Like their training partners, Caroline Green and Parsons have been challenged to bring hip-hop into their new rhythm dance. Even though Green and Parsons were familiar with hip-hop from their free dance last season set to music by Prince, Manners chose music from Janet Jackson and En Vogue for their rhythm dance this year.
 
"In a lot of the Michael Jackson programs I've seen, skaters are doing the same three moves. I wanted to go with Janet Jackson because it pushes you more to be authentic to the culture [of hip-hop]," Manners said. "Janet Jackson's Rhythm Nation is a very pivotal time in hip-hop. It was the first time we really saw street jazz, which is a jazzy way to do hip-hop. [The music video] really leaves no stone unturned, and I wanted to be able to give this program to a team that could handle it."
 
"It's such a non-traditional way to skate," Green shared in her interview with Fan Zone. "[Our rhythm dance is] very different from what we've done in the past and what is the norm for ice dance."
 
Despite the difficulties skaters (and other choreographers) are having translating hip-hop to the ice, Manners believes now is the best time to make hip-hop a dance requirement. For more than 40 years, hip-hop has grown in popularity and has only become more popular with the rise of social media.

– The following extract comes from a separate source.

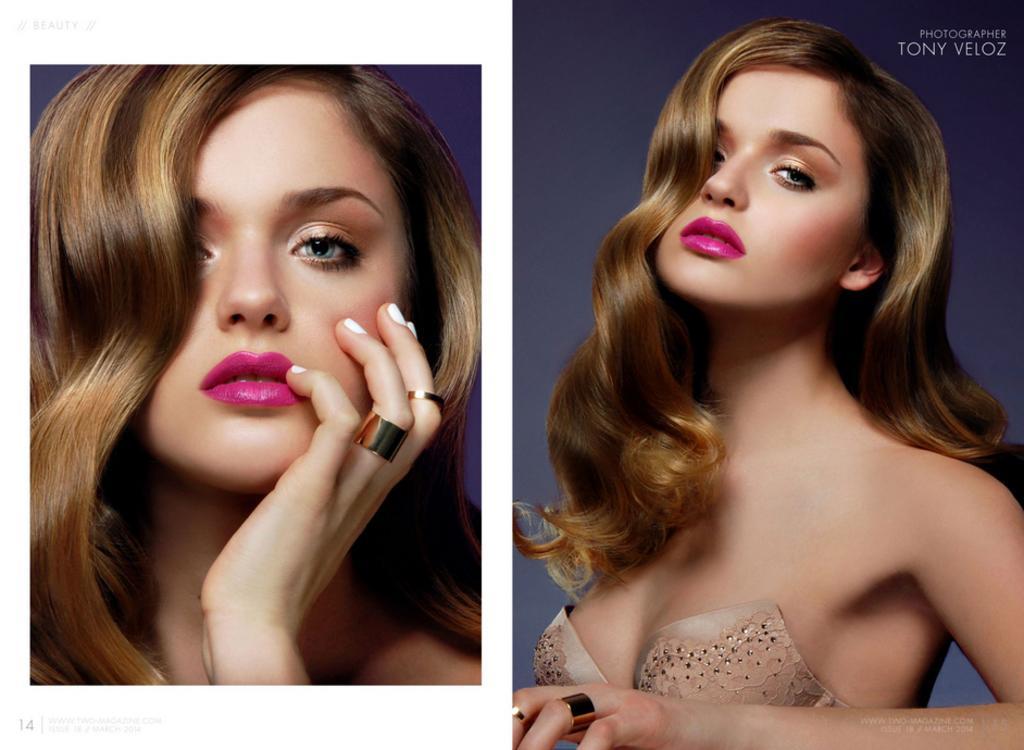Can you describe this image briefly? This picture is a collage of two images. In these two images I can observe a woman. In the top right side I can observe text. 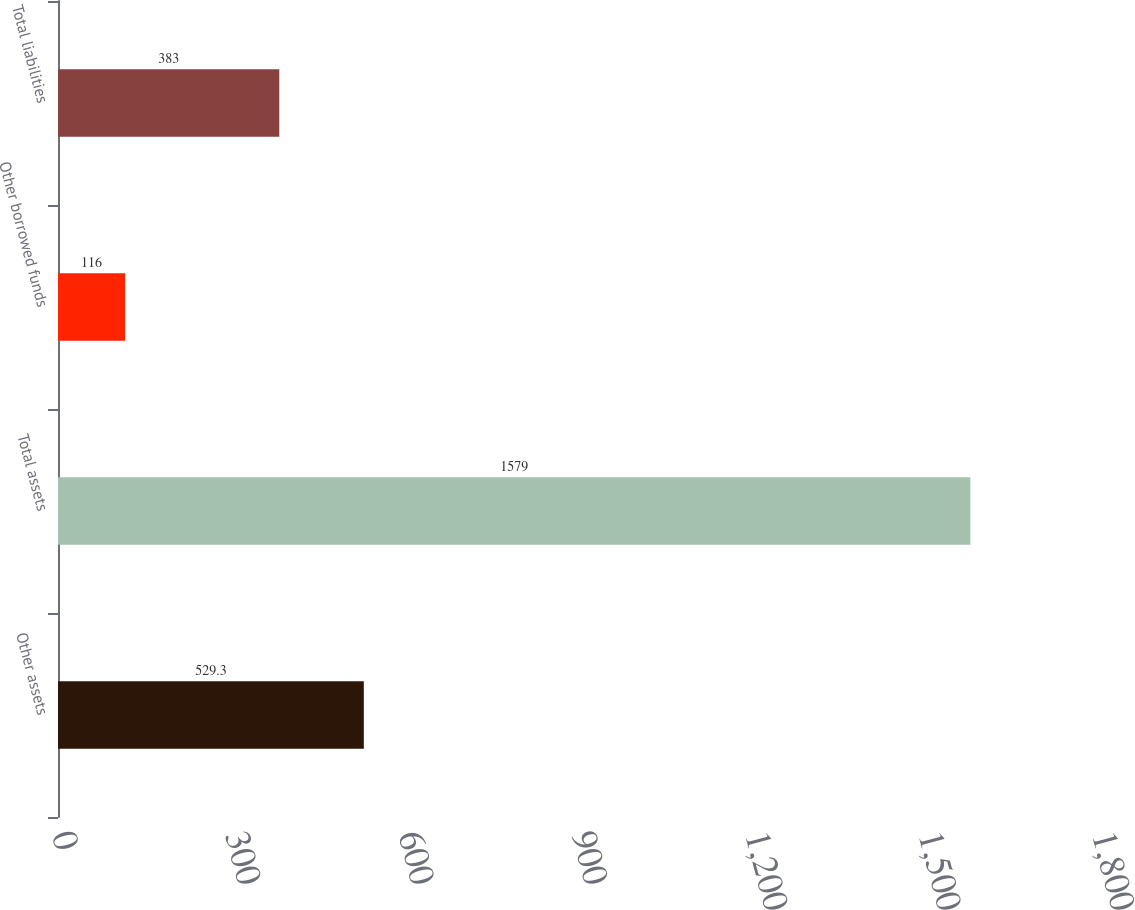<chart> <loc_0><loc_0><loc_500><loc_500><bar_chart><fcel>Other assets<fcel>Total assets<fcel>Other borrowed funds<fcel>Total liabilities<nl><fcel>529.3<fcel>1579<fcel>116<fcel>383<nl></chart>

With the addition of hip-hop to ice dancing, Manners is looking forward to the ways in which the sport can elevate itself. Parsons noted, many of the top dancers from the 1980s to early 2000s had unique and powerful programs, which has been lost in recent years. In the short time Manners has been a part of the sport, he has also noticed many athletes performing the same skills, elements and transitions in their programs.
 
"I've been learning the ropes, but I keep asking if we can push the limits. Wherever I apply my skills, I try to be a catalyst for change. I want to show people there are new ways of moving."